The STC’s survival as a political force for independence will be dependent on the way it explains the current complexities to its supporters and on the effectiveness of whatever new government, when and if it is formed, in providing critical services to the public. Many Southerners have become more concerned about the deteriorating economic situation, lack of electricity and clean water, and less concerned about the structure of their state.

STC meeting
President Al-Zubaidi chairs a meeting of the STC Council
by video link from Riyadh

The conflict will most likely continue until both the STC and the Yemeni state have weakened significantly to provide the coalition with an opportunity to shape the political road map of Yemen in its own political and economic terms. But not all Southerners accept the controlling hand of Saudi Arabia and the UAE and some describe the coalition’s forces as occupation forces. Other Southern leaders and movements may replace the STC as the main player in South Yemen’s political game. (See Issue 3 of South Yemen Update for a guide to the South’s political parties and groups). Some Southern politicians hostile to the STC are making alliances with Turkey and Qatar which could lead to the creation of a new coalition. The Arab Weekly reported that Turkish intelligence activities, under the umbrella of humanitarian work, have increased, possibly preparing the ground for Turkish intervention in the southern provinces.
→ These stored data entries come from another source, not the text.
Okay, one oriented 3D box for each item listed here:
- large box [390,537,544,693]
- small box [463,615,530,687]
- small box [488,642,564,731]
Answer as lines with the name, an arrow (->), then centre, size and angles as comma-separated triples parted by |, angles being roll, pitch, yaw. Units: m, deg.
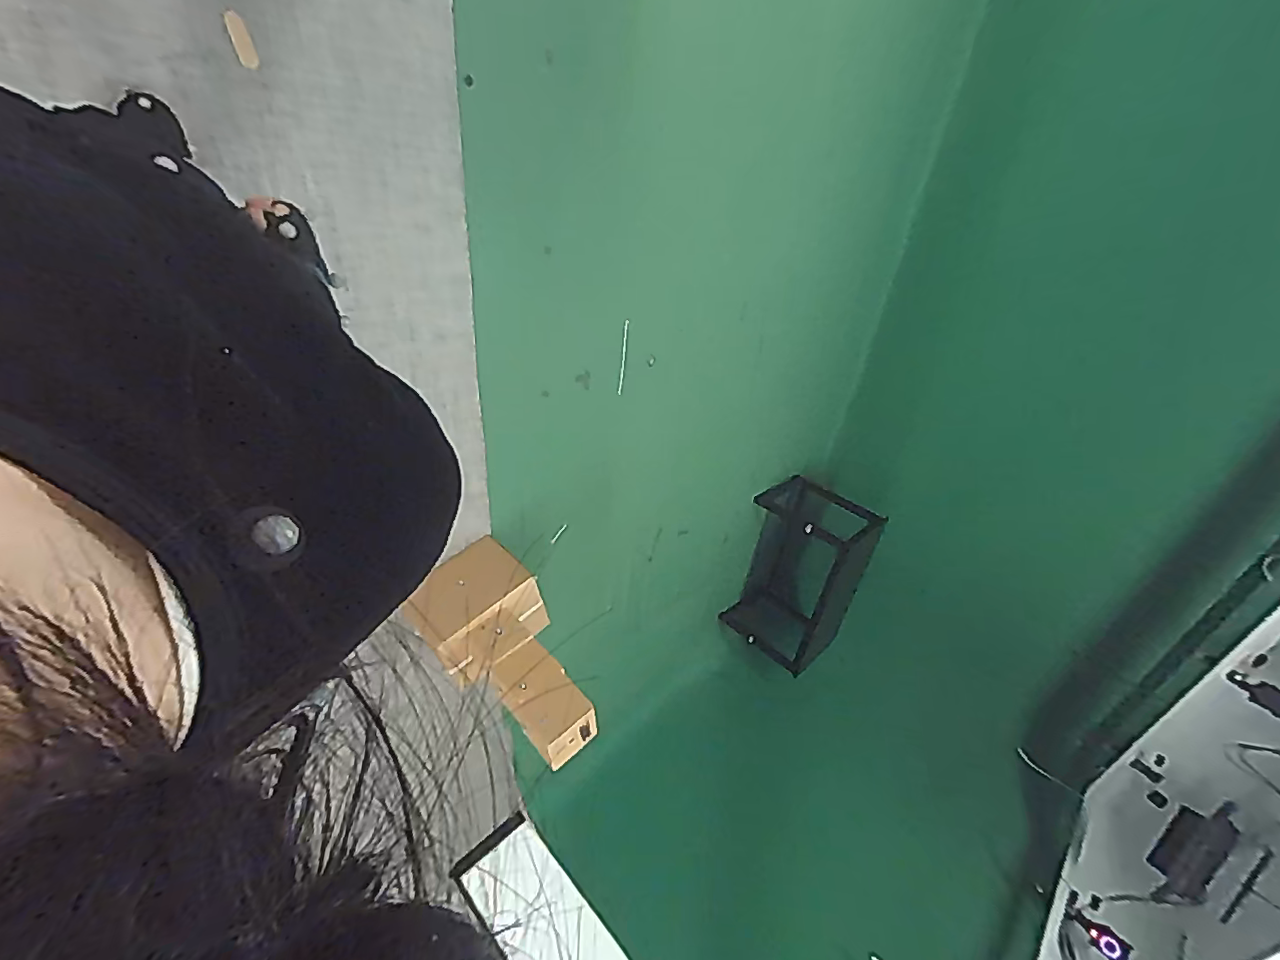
large box -> -0.638, 0.495, 2.029 | 0.408, 0.320, 0.320 | -38, 142, -30
small box -> -0.484, 0.593, 1.859 | 0.168, 0.176, 0.179 | -32, 138, -33
small box -> -0.372, 0.670, 1.771 | 0.179, 0.176, 0.168 | -31, 137, -34
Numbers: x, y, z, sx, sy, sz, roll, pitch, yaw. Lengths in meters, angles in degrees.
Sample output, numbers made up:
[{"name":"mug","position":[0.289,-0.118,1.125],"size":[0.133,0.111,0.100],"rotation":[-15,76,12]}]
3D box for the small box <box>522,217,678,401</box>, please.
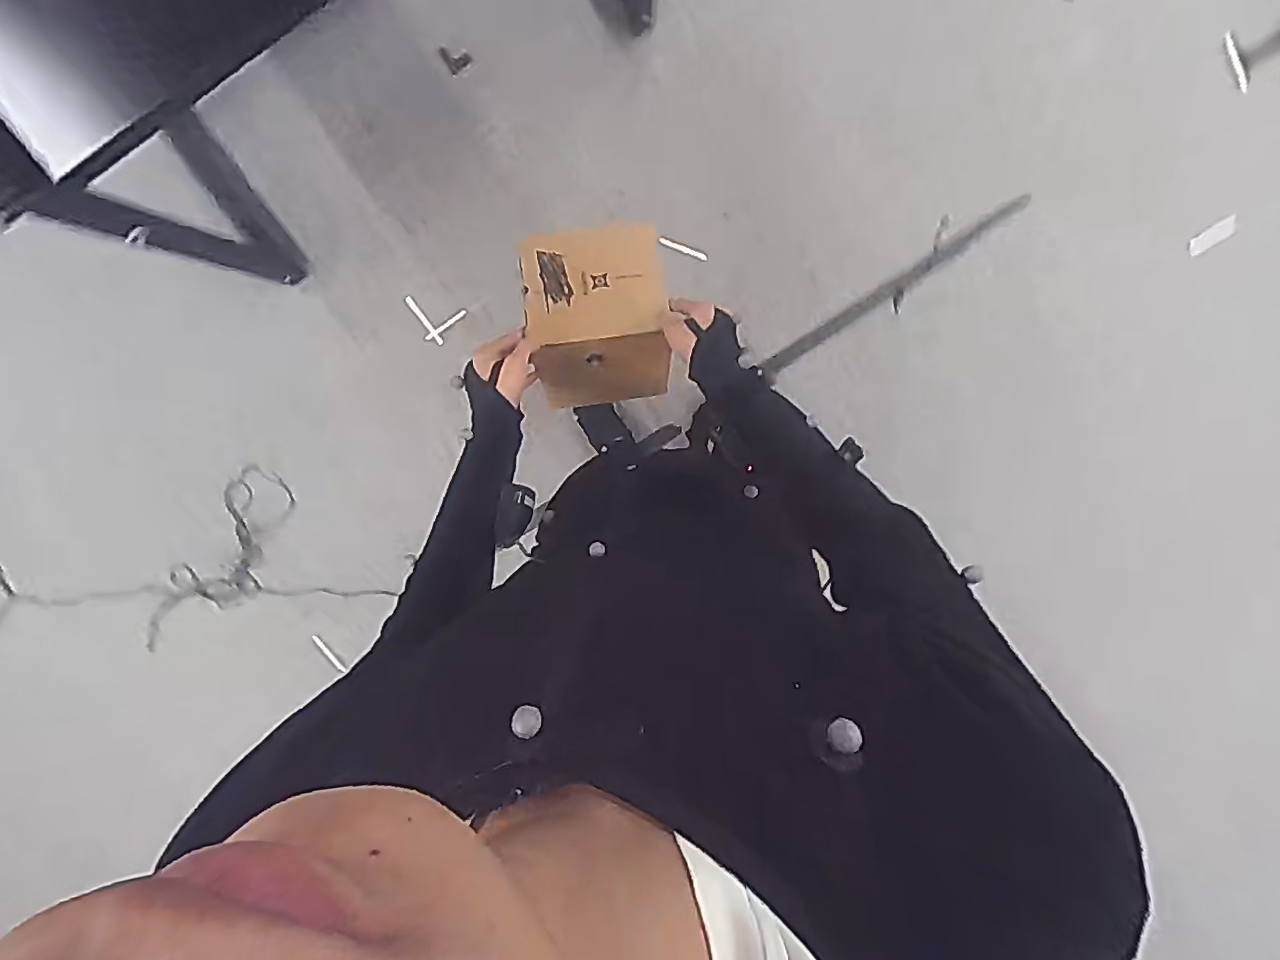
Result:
[{"name":"small box","position":[-0.050,-0.217,0.721],"size":[0.179,0.176,0.168],"rotation":[-7,72,-3]}]
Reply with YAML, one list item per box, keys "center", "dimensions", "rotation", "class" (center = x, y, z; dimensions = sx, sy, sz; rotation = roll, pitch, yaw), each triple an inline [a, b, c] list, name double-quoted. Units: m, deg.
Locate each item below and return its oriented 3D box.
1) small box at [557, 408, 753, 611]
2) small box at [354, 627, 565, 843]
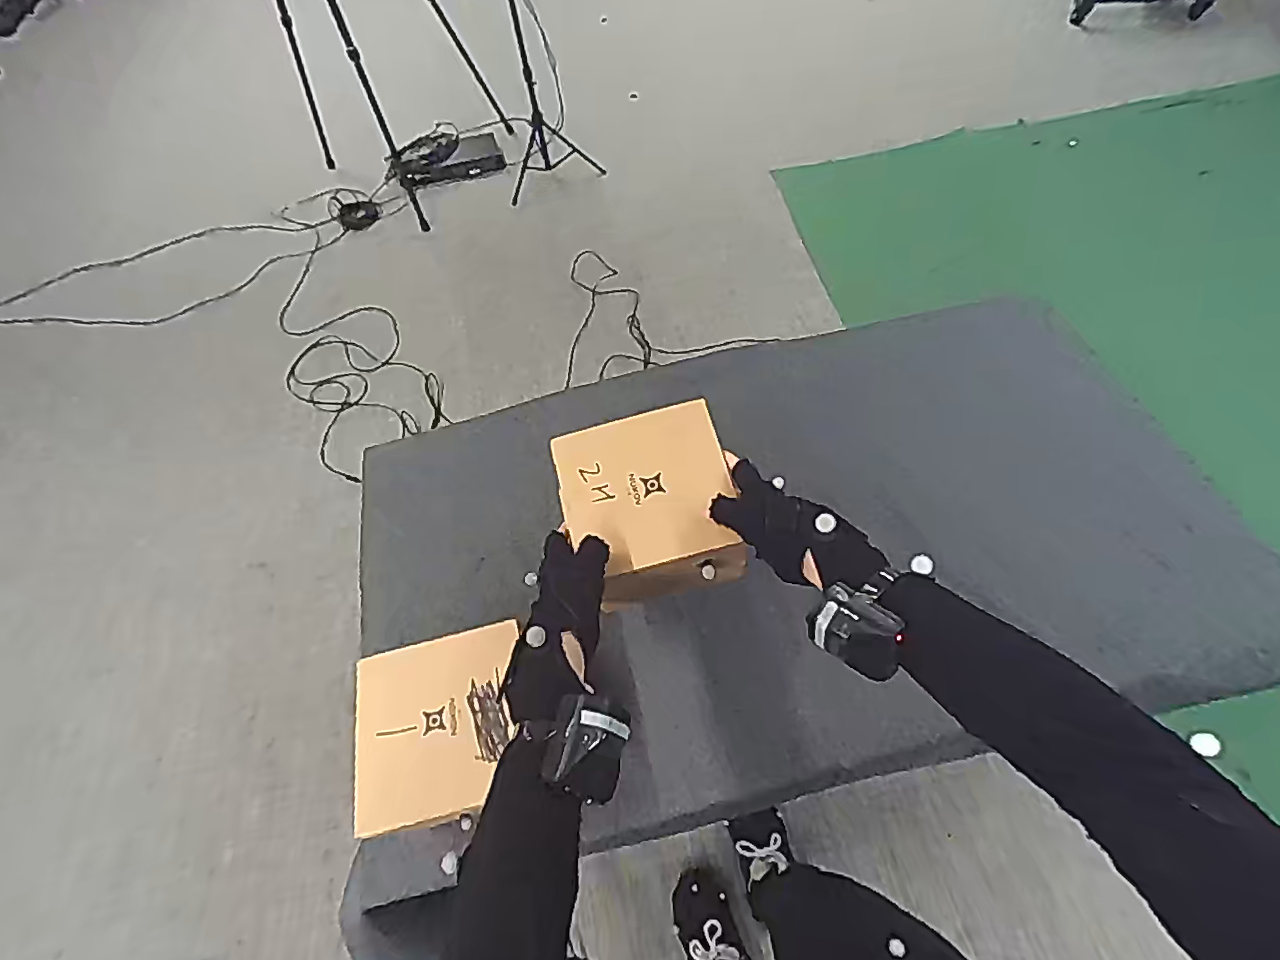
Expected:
- center: [0.017, 0.043, 0.629]
  dimensions: [0.179, 0.176, 0.168]
  rotation: [-14, 66, 1]
  class: "small box"
- center: [-0.187, 0.281, 0.601]
  dimensions: [0.179, 0.176, 0.168]
  rotation: [-13, 60, -3]
  class: "small box"
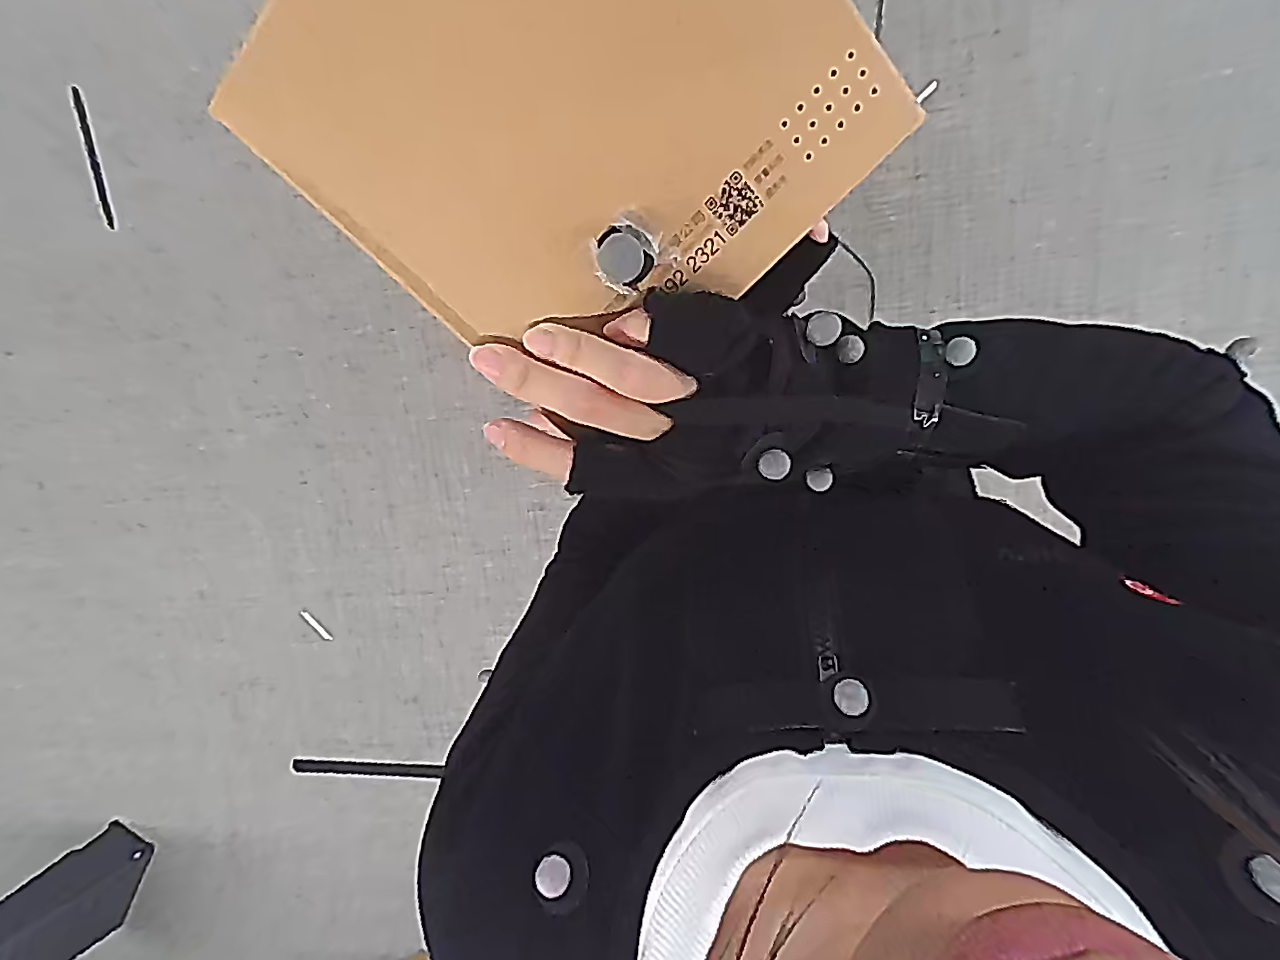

Riyadh knows that there is no military solution to the war in Yemen. At one point it was spending $5 billion a month supporting Hadi’s government. Crown Prince Muhammad bin Salman ignored Yemen’s history of frustrating invaders. He thought it would be short and sharp. Five years on, it has proved to be anything but. Now, with the possibility of a Biden victory in the U.S., which could spell the end of Washington’s support, there is more impetus to find some kind of resolution that will allow the Saudis to secure their border and minimize Iran’s support for the Houthis.

It is time for the STC to stop selling, bargaining, compromising and trading with Southern statehood. It has to ensure the South emerges from this brouhaha with a sovereign state. It has lost three major battles but the war can still be won. Every great crisis presents a great opportunity.